I thought about it, but there wasn't an equivalent in HashSet's translated-key code that I could crib from, and I don't trust my template fu enough to write one. Maybe Maciej could look at that (I never heard back from him about this patch.)

>I think we should consider marking this member function inline so it gets
>inlined into the constructors.

It already does get inlined by the -O3 optimizer (I disassembled to make sure.) IMHO I'd rather leave it up to the optimizer to make the decision in this case, esp. since I can imagine some WebKit clients (like mobile devices) may want different size/speed tradeoffs.

>Wrong position here for the "&" character.

Ack! I'm sorry I keep messing these up. I swear to god I pored over my last patch to make sure I hadn't left any punctuation in the ri^H^Hwrong place, but I was clearly being blind to ampersands. I'll fix those, and the comments too.

>It's probably not good that the HTTPHeaderMap::get function takes an const
>AtomicString& rather than a const String&. If the caller has a String but not
>an AtomicString, it will make things slower with no benefit.

Are you suggesting to implement get(String) by writing another alternate-key adapter?

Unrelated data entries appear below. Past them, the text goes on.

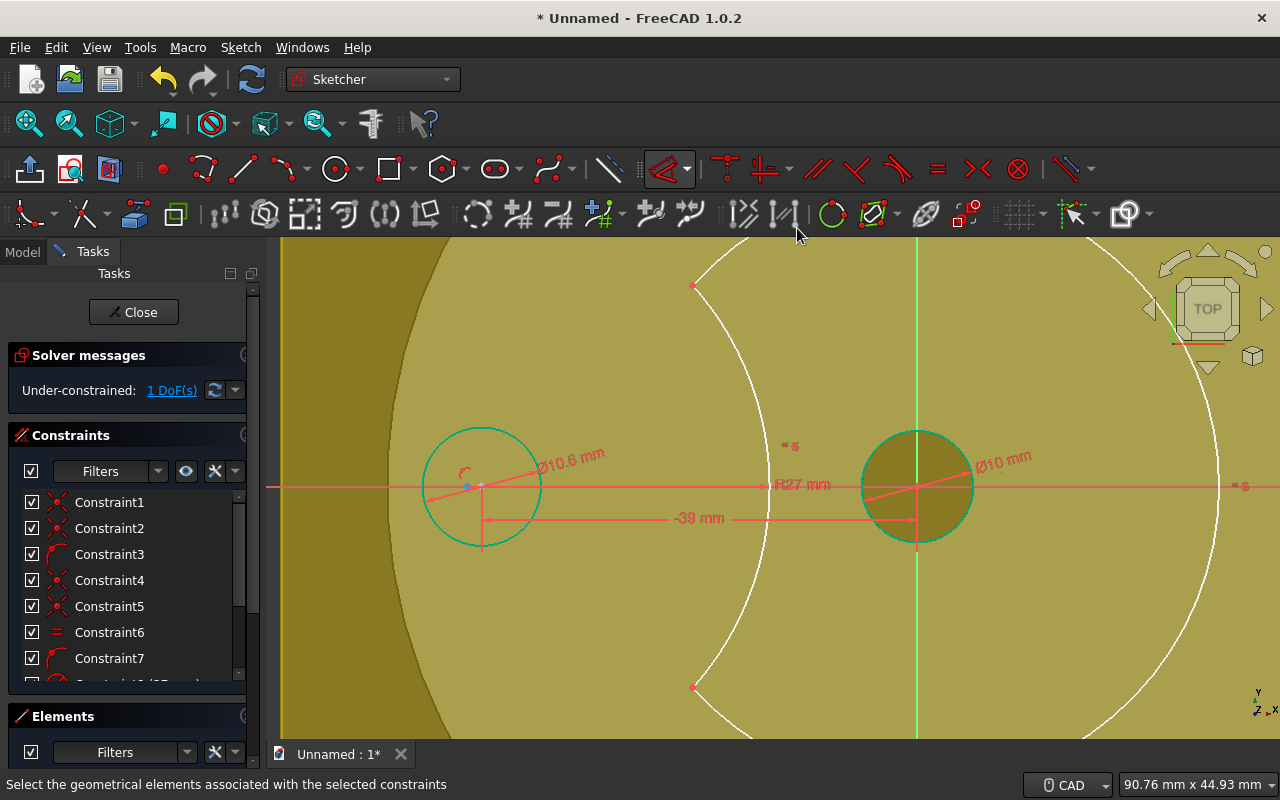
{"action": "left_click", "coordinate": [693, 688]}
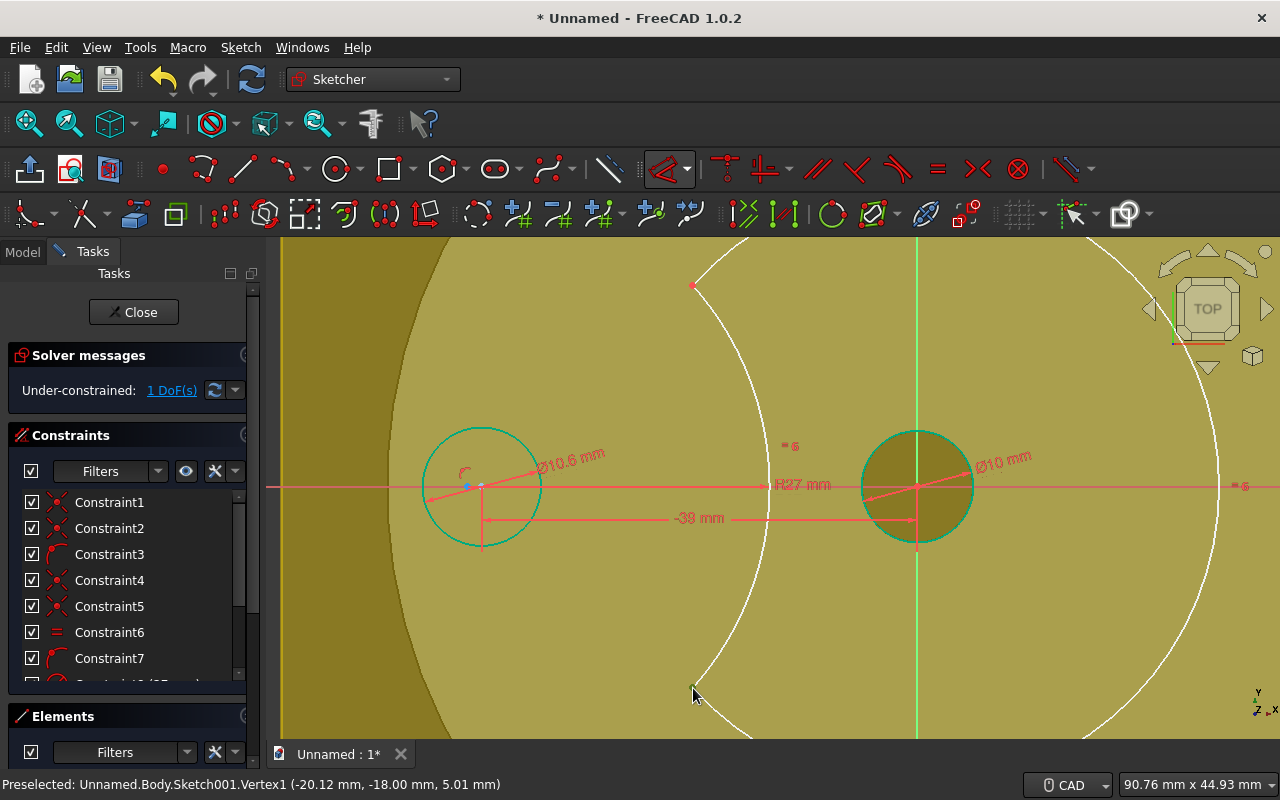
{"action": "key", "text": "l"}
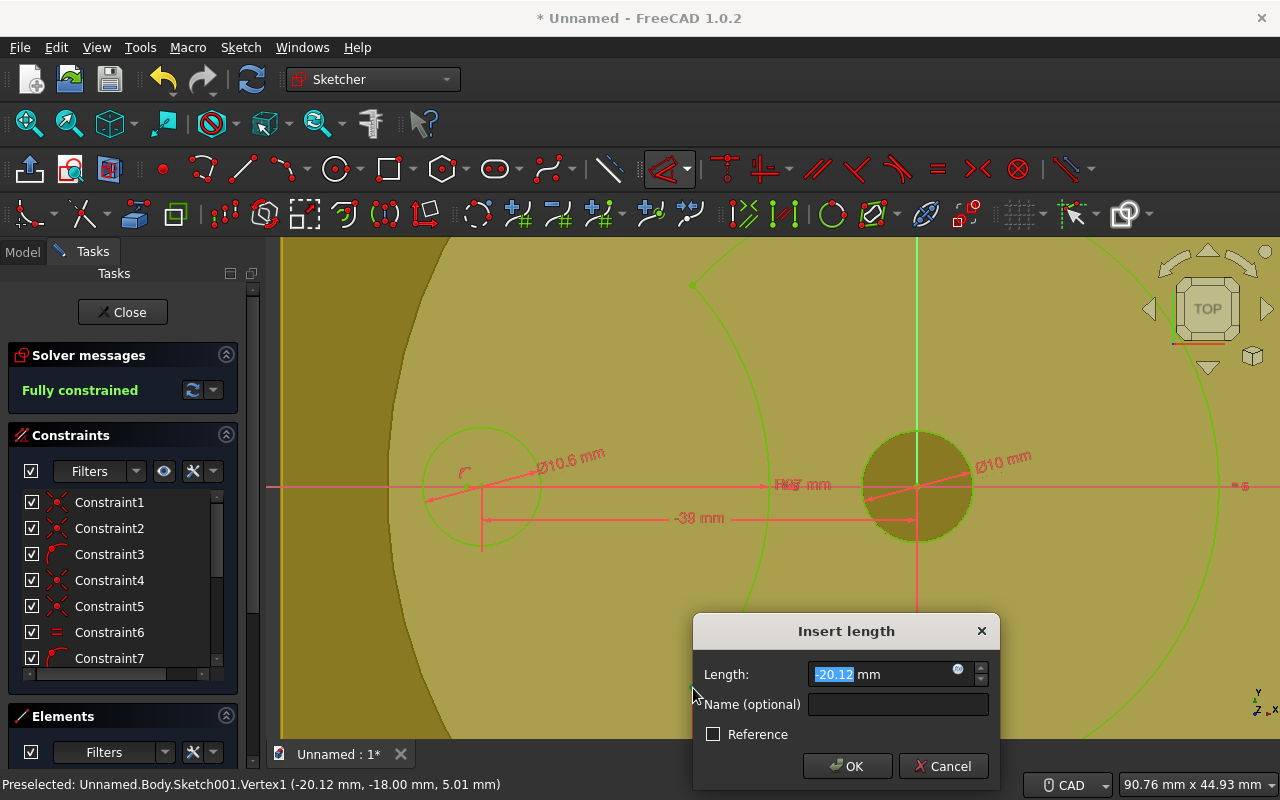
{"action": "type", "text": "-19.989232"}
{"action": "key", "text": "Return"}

Or do you think the class declaration itself should change to be based on a HashMap<String,String>?
Comment 12 Jens Alfke 2009-12-01 16:07:21 PST
Committed r51566 (incorporating spelling and comment fixes.)
Comment 13 Darin Adler 2009-12-01 17:56:47 PST
(In reply to comment #11)
> It already does get inlined by the -O3 optimizer (I disassembled to make sure.)

I don't think the Mac OS X WebKit is built with -O3.
Comment 14 Mark Rowe (bdash) 2009-12-01 18:15:08 PST
(In reply to comment #13)
> (In reply to comment #11)
> > It already does get inlined by the -O3 optimizer (I disassembled to make sure.)
> 
> I don't think the Mac OS X WebKit is built with -O3.

From WebCore/Configurations/Base.xcconfig:
GCC_OPTIMIZATION_LEVEL_normal = 2;
GCC_OPTIMIZATION_LEVEL_debug = 0;
Comment 15 Jens Alfke 2009-12-02 12:47:55 PST
Ah, good point Mark. I was disassembling in Chromium's WebCore.xcodeproj, not Safari's.
I tried this with Safari's WebCore project, and the init method is not inlined. Sorry about that.

Whether this is worthwhile depends on how many QualifiedName objects get constructed. There's one instance per unique HTML/XML tag, i.e. a couple of hundred at most. Shaving a couple of nanoseconds off of each constructor doesn't seem like it would make any difference. You can file a new bug on this if you disagree, though.